People today are becoming channel-agnostic. They use different platforms, channels and devices when and where it suits them best. Do you think about whether you’re using email or a social platform, for instance, when using your mobile device?

Despite the fact that content marketing is also channel-agnostic, it’s important to understand and improve the content dimension of channels, from a customer-centric perspective. One of these channels is email that gets more and more used in an integrated email marketing perspective, away from the pure campaign mindset (think triggered emails, marketing automation, order confirmations, the integration with social, you name it).

Although it’s often overlooked in content marketing and from an inbound marketing perspective, email is still the glue of many multi-channel customer interactions and the favorite method for people to communicate with business. It’s part of the online mix, for different purposes: retention, up-selling, cross-selling, loyalty marketing and even community marketing. Email marketing has changed but is not gone, on the contrary: while many companies still use it in traditional ways, others have moved to a more integrated email marketing approach, putting the customer at the center.

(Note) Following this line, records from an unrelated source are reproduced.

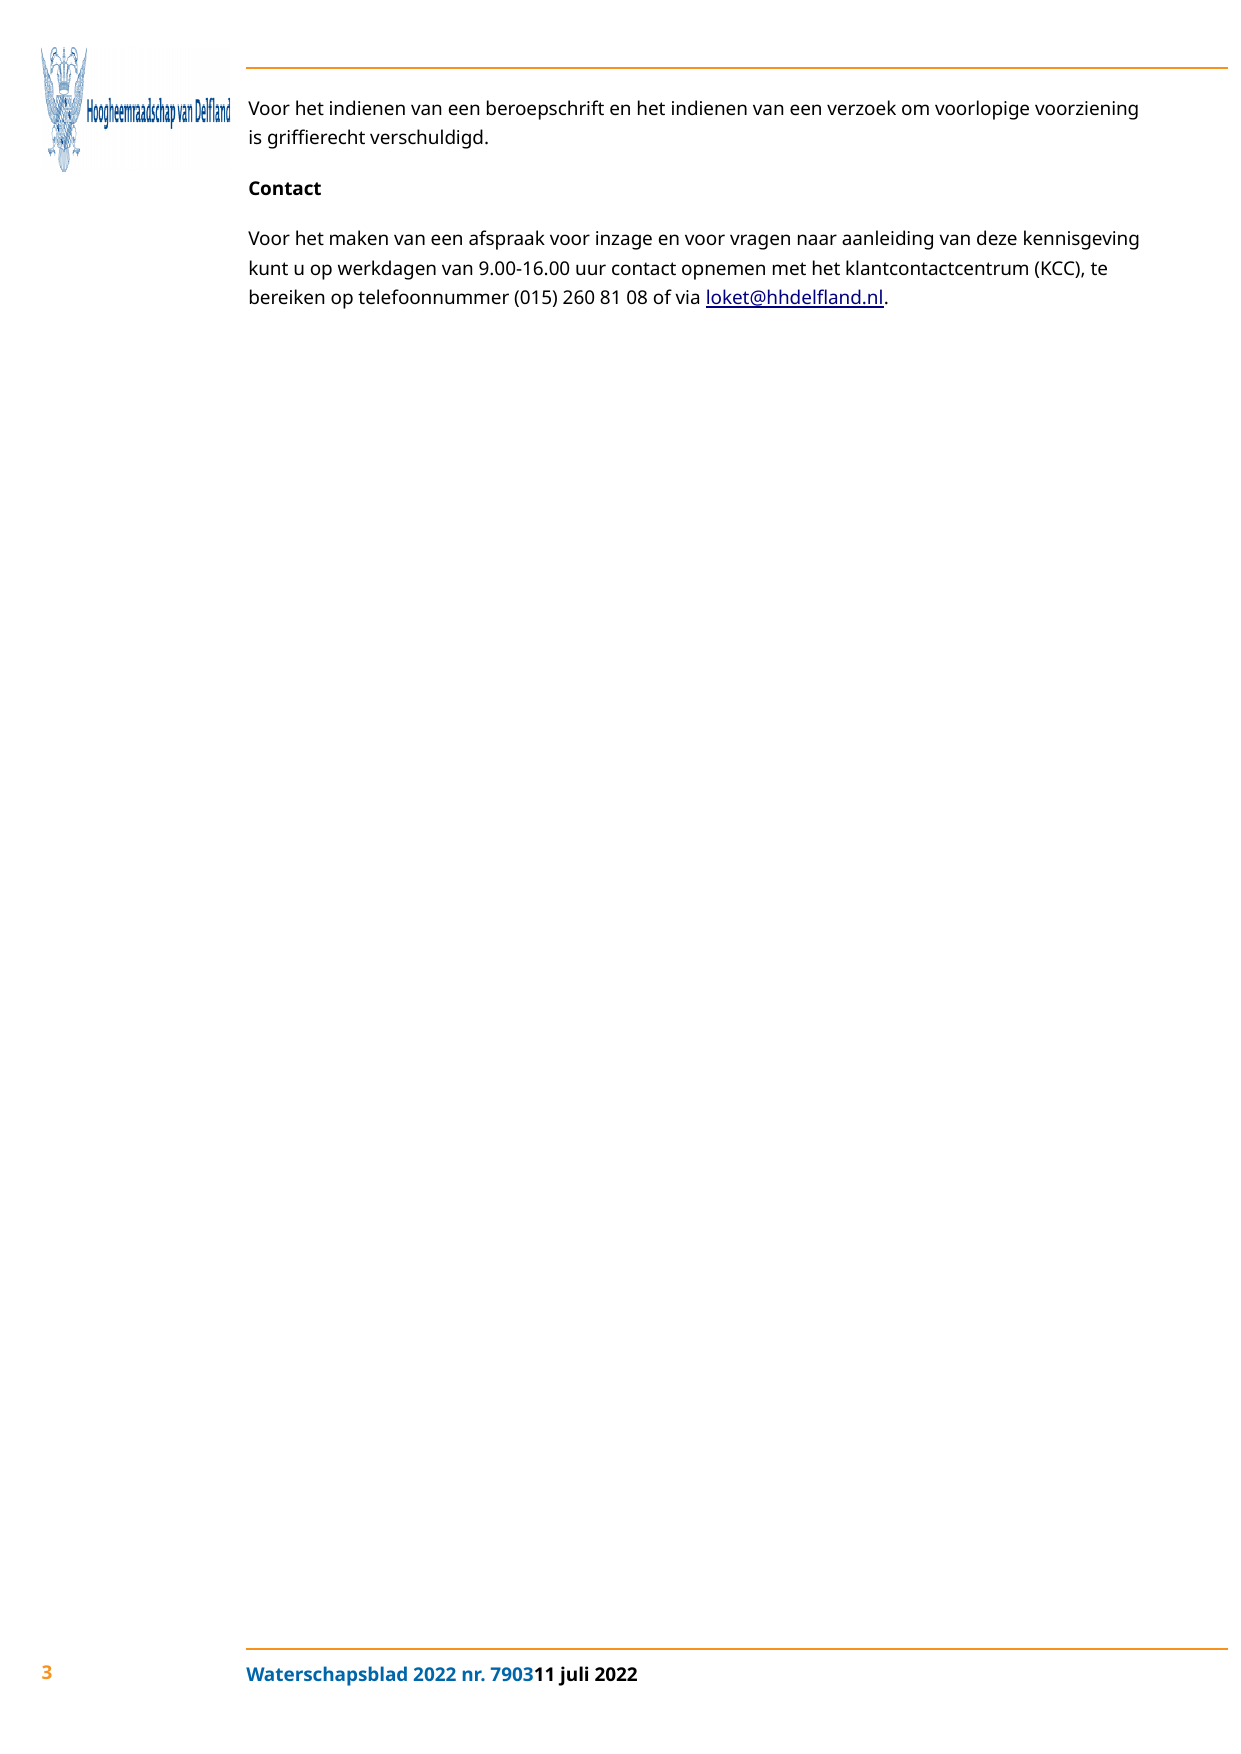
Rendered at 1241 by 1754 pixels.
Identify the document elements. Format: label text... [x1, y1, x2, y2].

text Contact [248, 175, 1152, 201]
picture [41, 47, 231, 172]
text Voor het maken van een afspraak voor inzage en voor vragen naar aanleiding van deze kennisgeving kunt u op werkdagen van 9.00-16.00 uur contact opnemen met het klantcontactcentrum (KCC), te bereiken op telefoonnummer (015) 260 81 08 of via loket@hhdelfland.nl. [248, 225, 1152, 310]
text Voor het indienen van een beroepschrift en het indienen van een verzoek om voorlopige voorziening is griffierecht verschuldigd. [248, 95, 1152, 150]
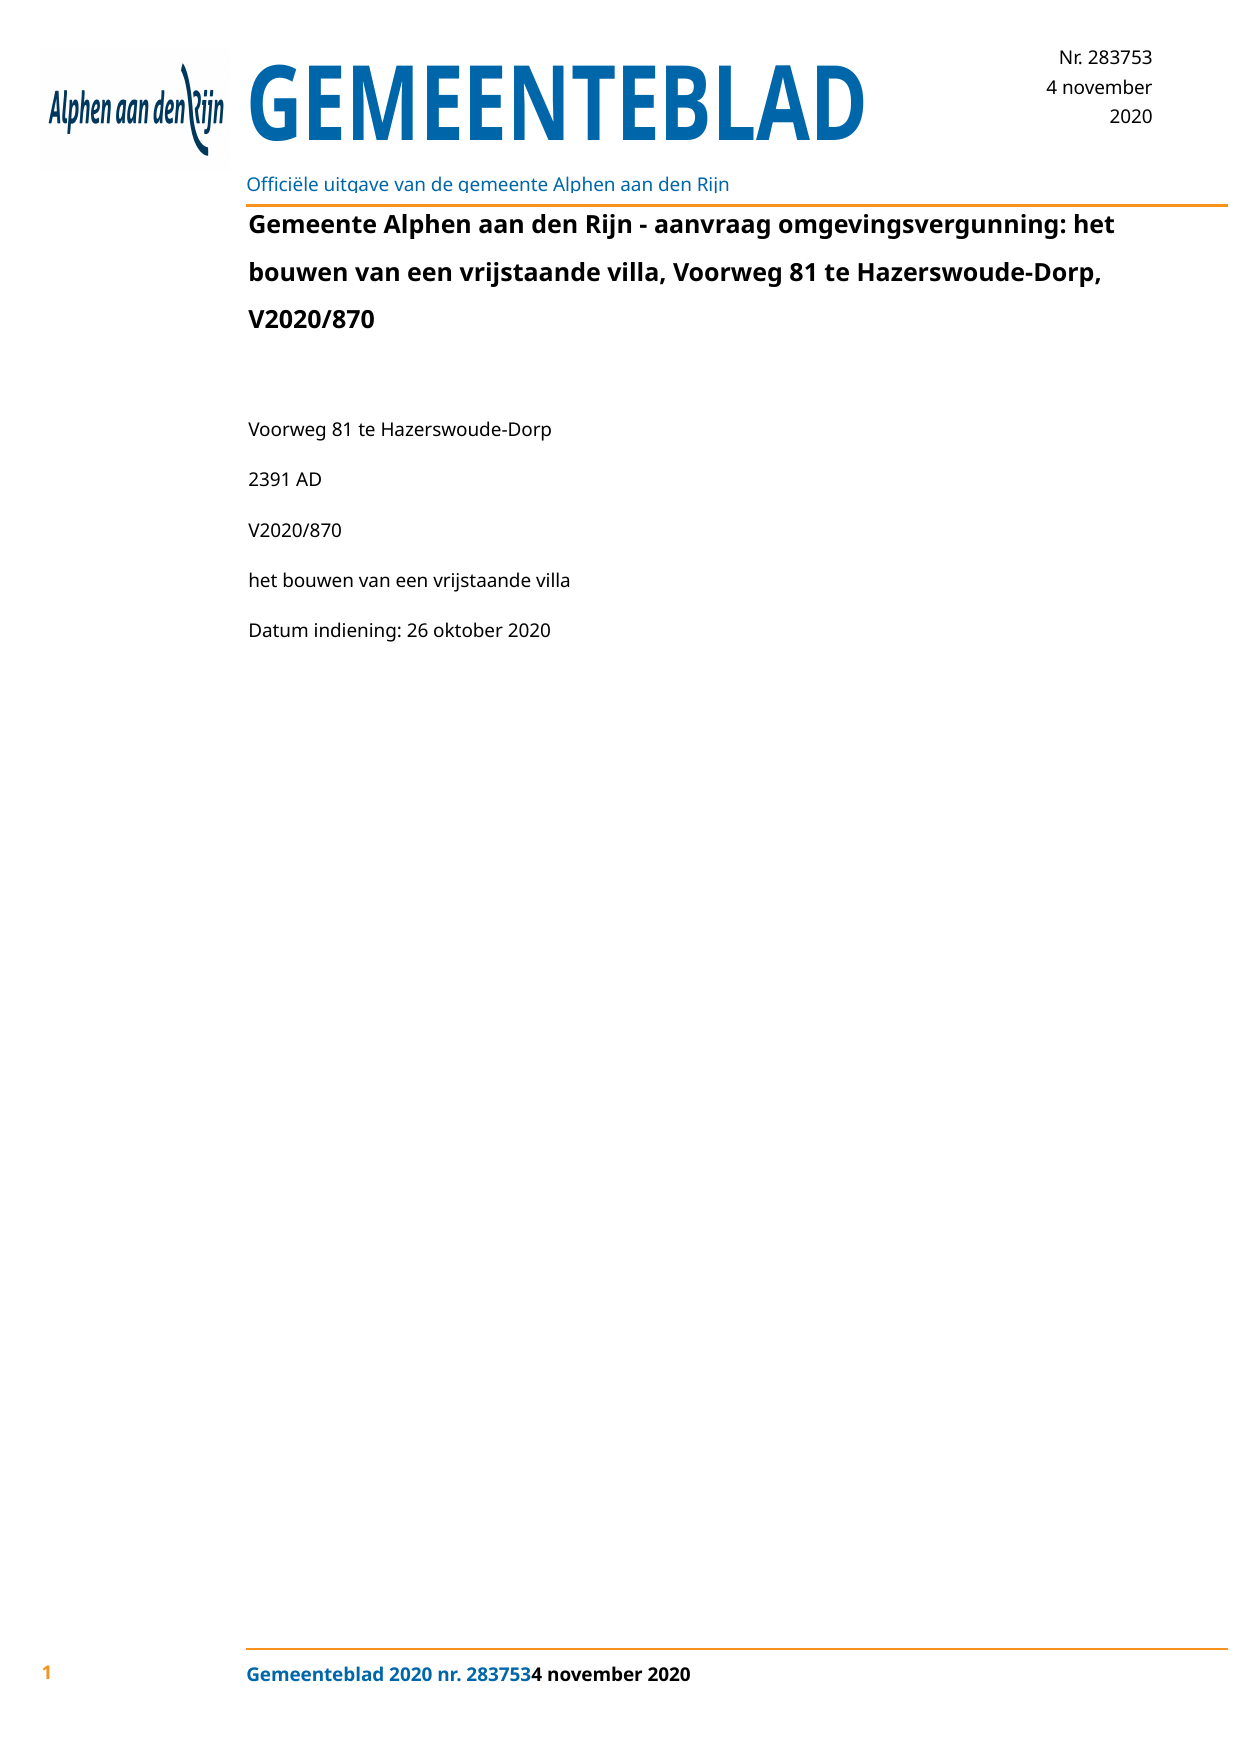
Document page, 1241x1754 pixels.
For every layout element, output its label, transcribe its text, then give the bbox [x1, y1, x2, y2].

text V2020/870 [248, 517, 1152, 542]
text Datum indiening: 26 oktober 2020 [248, 618, 1152, 643]
text 2391 AD [248, 466, 1152, 492]
picture [41, 47, 231, 172]
text Gemeente Alphen aan den Rijn - aanvraag omgevingsvergunning: het bouwen van een vrijstaande villa, Voorweg 81 te Hazerswoude-Dorp, V2020/870 [248, 207, 1152, 336]
text Voorweg 81 te Hazerswoude-Dorp [248, 416, 1152, 442]
text het bouwen van een vrijstaande villa [248, 567, 1152, 593]
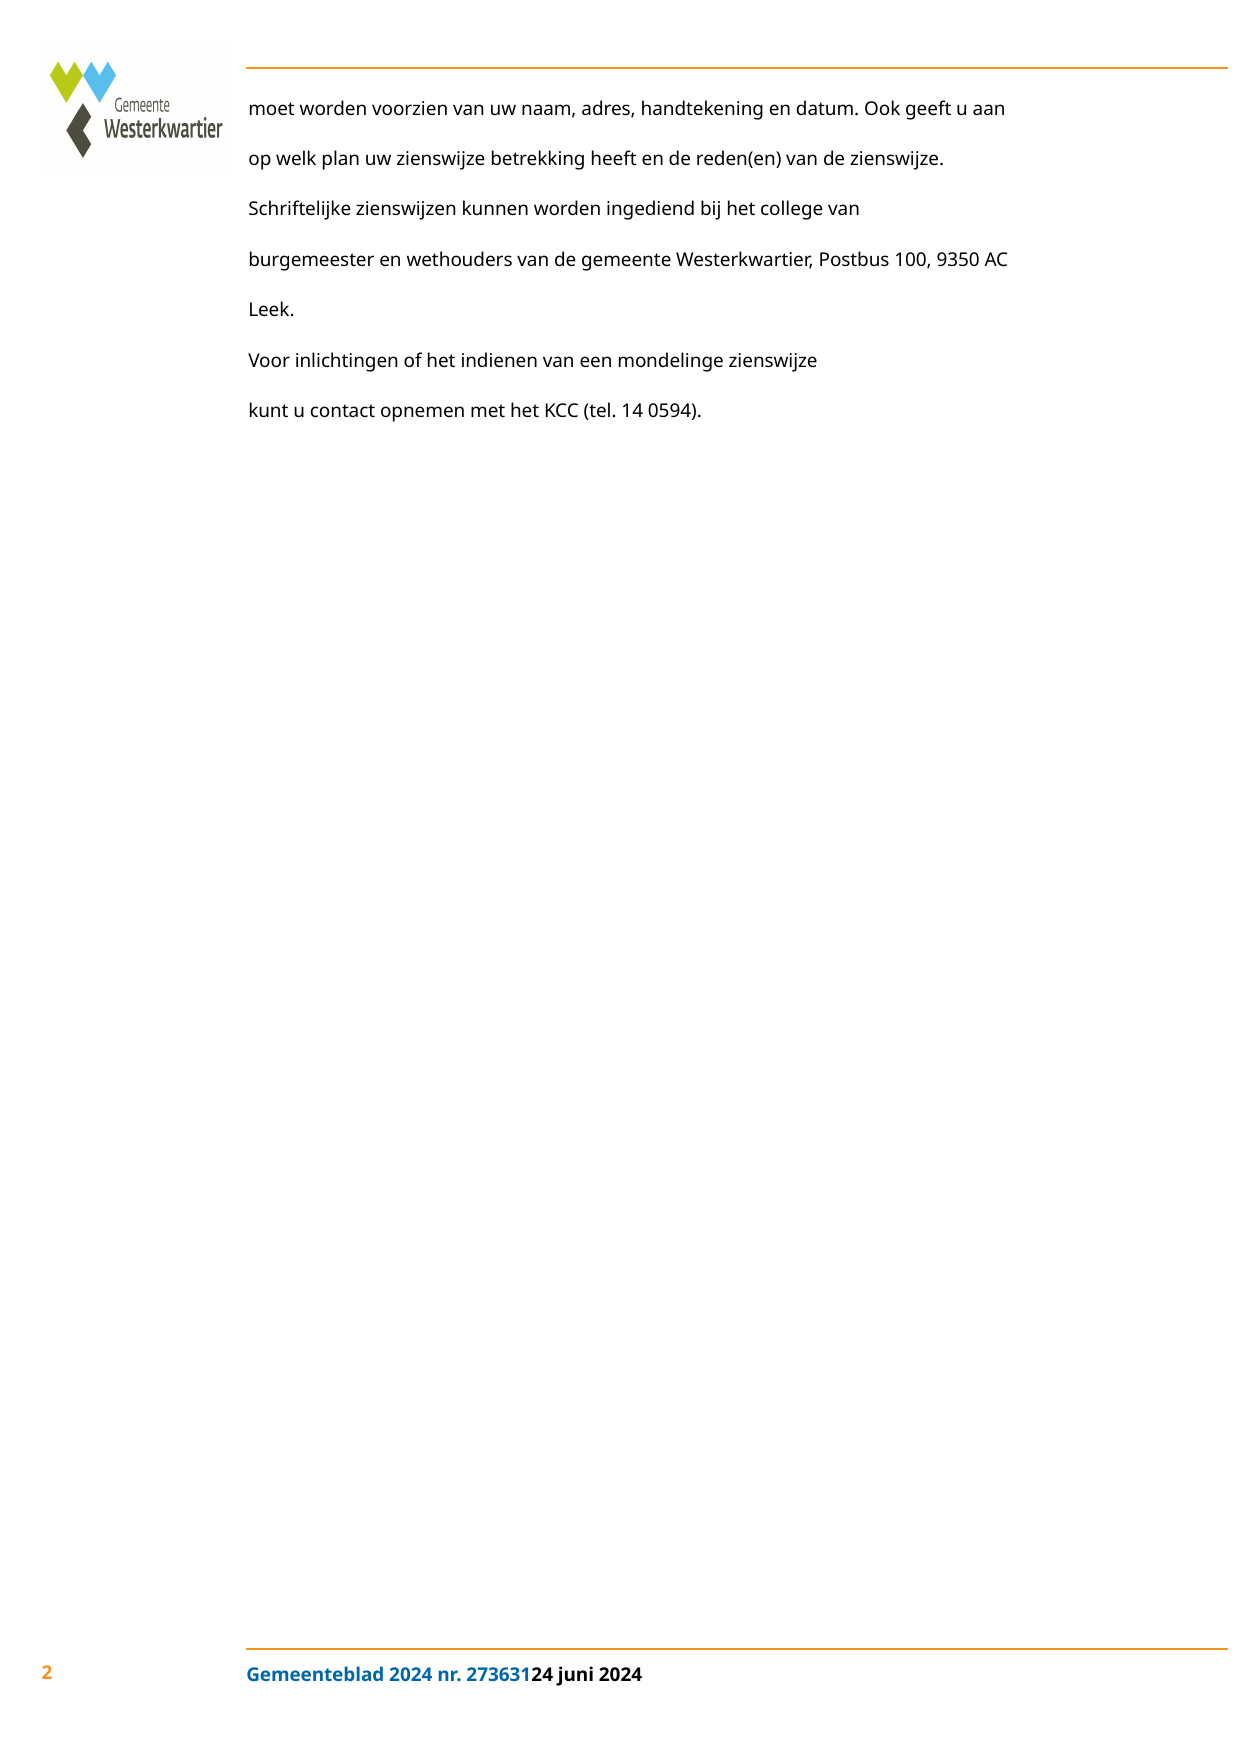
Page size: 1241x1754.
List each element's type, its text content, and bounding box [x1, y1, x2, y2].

text op welk plan uw zienswijze betrekking heeft en de reden(en) van de zienswijze. [248, 145, 1152, 171]
text Voor inlichtingen of het indienen van een mondelinge zienswijze [248, 347, 1152, 373]
picture [41, 47, 231, 172]
text Schriftelijke zienswijzen kunnen worden ingediend bij het college van [248, 196, 1152, 221]
text kunt u contact opnemen met het KCC (tel. 14 0594). [248, 397, 1152, 423]
text burgemeester en wethouders van de gemeente Westerkwartier, Postbus 100, 9350 AC [248, 246, 1152, 272]
text moet worden voorzien van uw naam, adres, handtekening en datum. Ook geeft u aan [248, 95, 1152, 121]
text Leek. [248, 296, 1152, 322]

Since a few years now, email marketers struggle with finding good content. This may seem strange. In a customer-centric content marketing approach, it shouldn’t be the case. After all, if you know the content needs of the people on your ‘lists’ and ideally the different segments within them, providing the proper content must be easy, no? Well, it turns out it is not. The role of content is after all increasingly growing in email marketing and the use of email in different forms: from newsletter content to optimized – often personalized – content in marketing automation flows and far beyond. With the increasing demand among marketers for optimized data-driven marketing, the number of touchpoints and content needs even keep growing.

With Big Data (essentially just meaning “all data” and lots more data and with it challenges and opportunities to come) and also important in a content marketing and content management context, this is even more so. By the way: think “right data” (for the right reasons and in the right combinations to optimize business goals and customer value), you only need to know what helps you achieve your goals and what the customer wants you to know to succeed, have fun, etc.

In fact, the lack of a content marketing strategy is one of the main reasons why marketing automation implementations and deployments fail.

The social and content marketing dimension of email

However, regardless of these evolutions, email is still the channel with the best ROI and the preferred interaction channel for business communication for mos people, whether you like that or not. With the increased choice of media and the abundance of communication channels in an era where people have more and more control, email marketing has to be more pertinent and personalized than ever before. And guess what? In any form of data-driven and direct marketing, including email marketing, getting the right content (and offers) is a challenge for many marketers.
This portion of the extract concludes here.